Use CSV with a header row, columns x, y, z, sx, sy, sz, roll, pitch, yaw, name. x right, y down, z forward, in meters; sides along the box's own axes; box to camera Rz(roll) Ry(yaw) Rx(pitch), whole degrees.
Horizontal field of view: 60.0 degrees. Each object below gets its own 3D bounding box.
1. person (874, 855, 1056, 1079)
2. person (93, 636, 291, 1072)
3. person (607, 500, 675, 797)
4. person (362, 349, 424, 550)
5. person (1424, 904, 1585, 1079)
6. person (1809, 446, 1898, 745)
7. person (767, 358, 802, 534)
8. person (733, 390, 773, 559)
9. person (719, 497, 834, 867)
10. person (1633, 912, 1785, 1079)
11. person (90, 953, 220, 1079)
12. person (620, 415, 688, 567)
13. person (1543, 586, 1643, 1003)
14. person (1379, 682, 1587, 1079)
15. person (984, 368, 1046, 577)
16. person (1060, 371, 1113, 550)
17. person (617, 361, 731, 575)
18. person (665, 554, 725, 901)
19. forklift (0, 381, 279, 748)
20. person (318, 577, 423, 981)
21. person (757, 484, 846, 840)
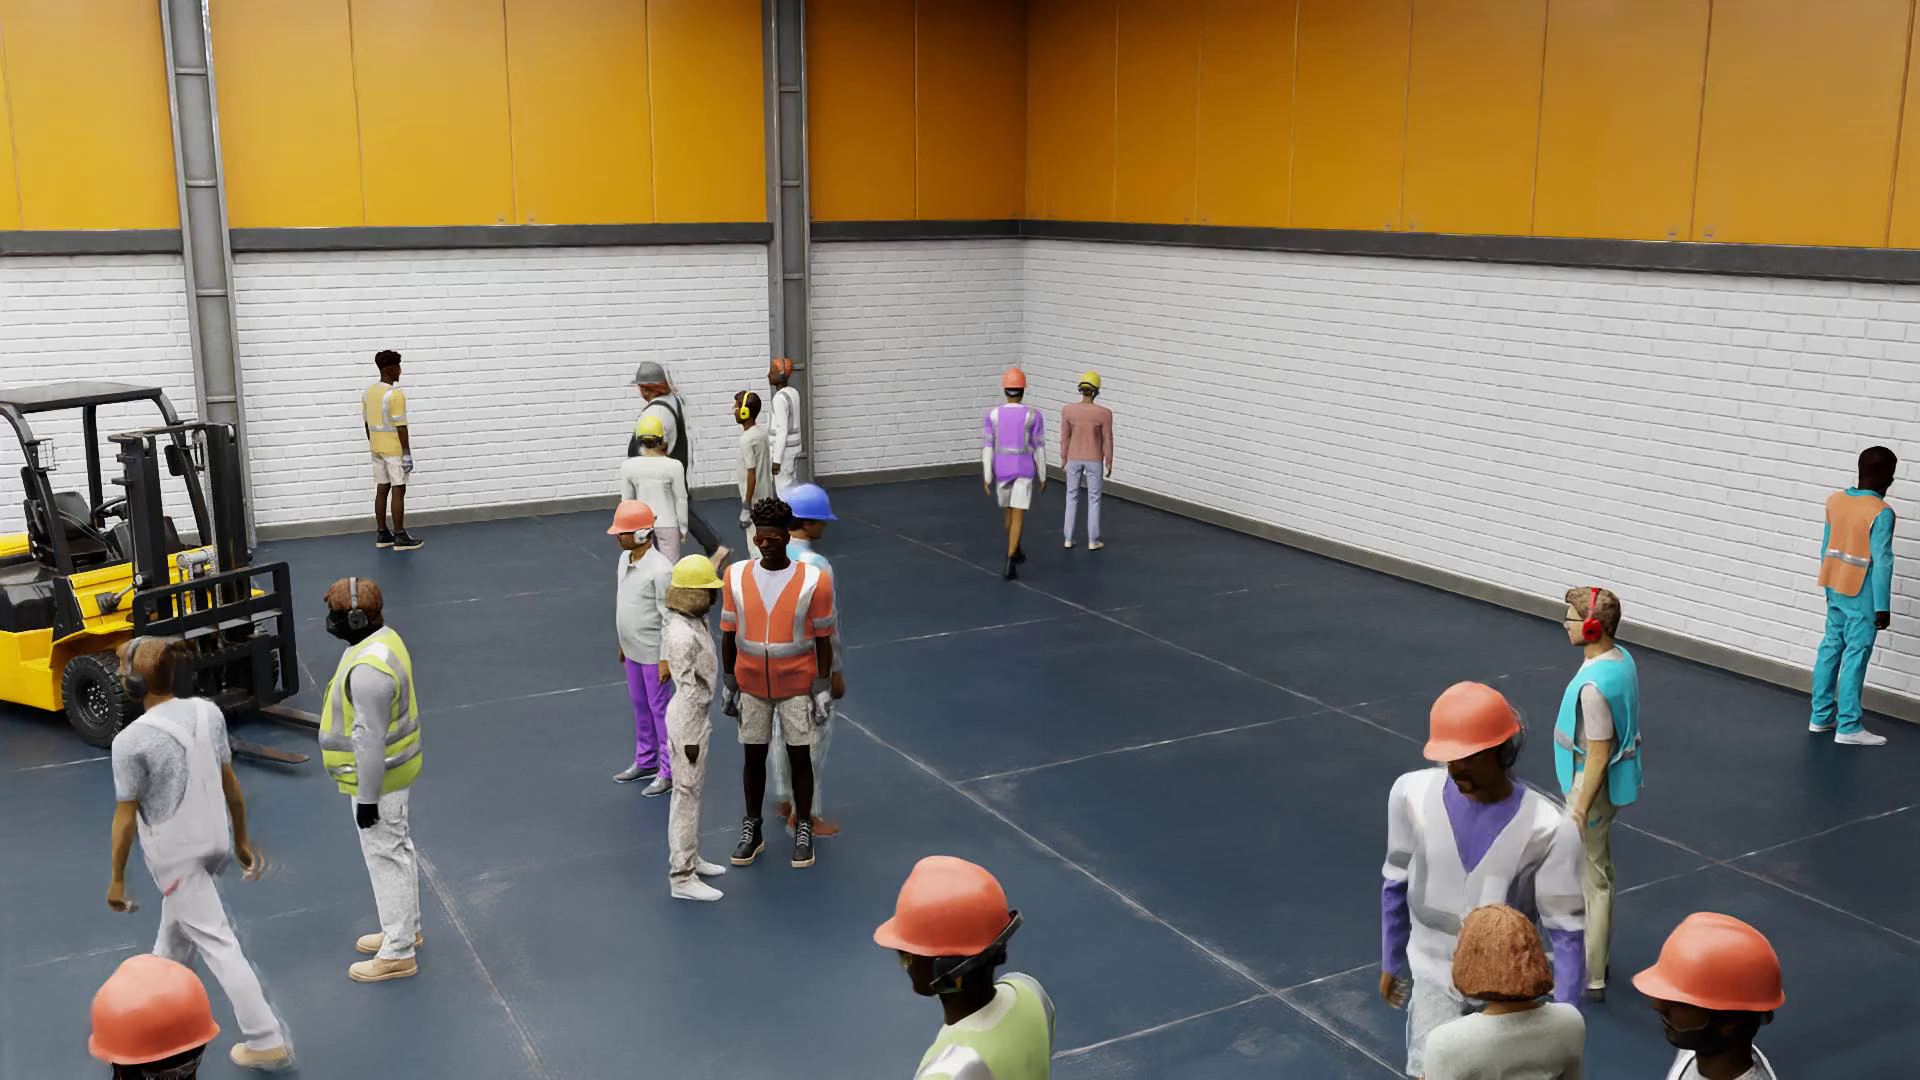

◇ ◇ ◇ ◇ ◇

-- WHAT THE EXERCISE ASKS --
Search the preceding listing for "degrees" and extract every line where it is found.

-- PROBLEM SOLUTION --
Use CSV with a header row, columns x, y, z, sx, sy, sz, roll, pitch, yaw, name. x right, y down, z forward, in meters; sides along the box's own axes; box to camera Rz(roll) Ry(yaw) Rx(pitch), whole degrees.
Horizontal field of view: 60.0 degrees. Each object below gets its own 3D bounding box.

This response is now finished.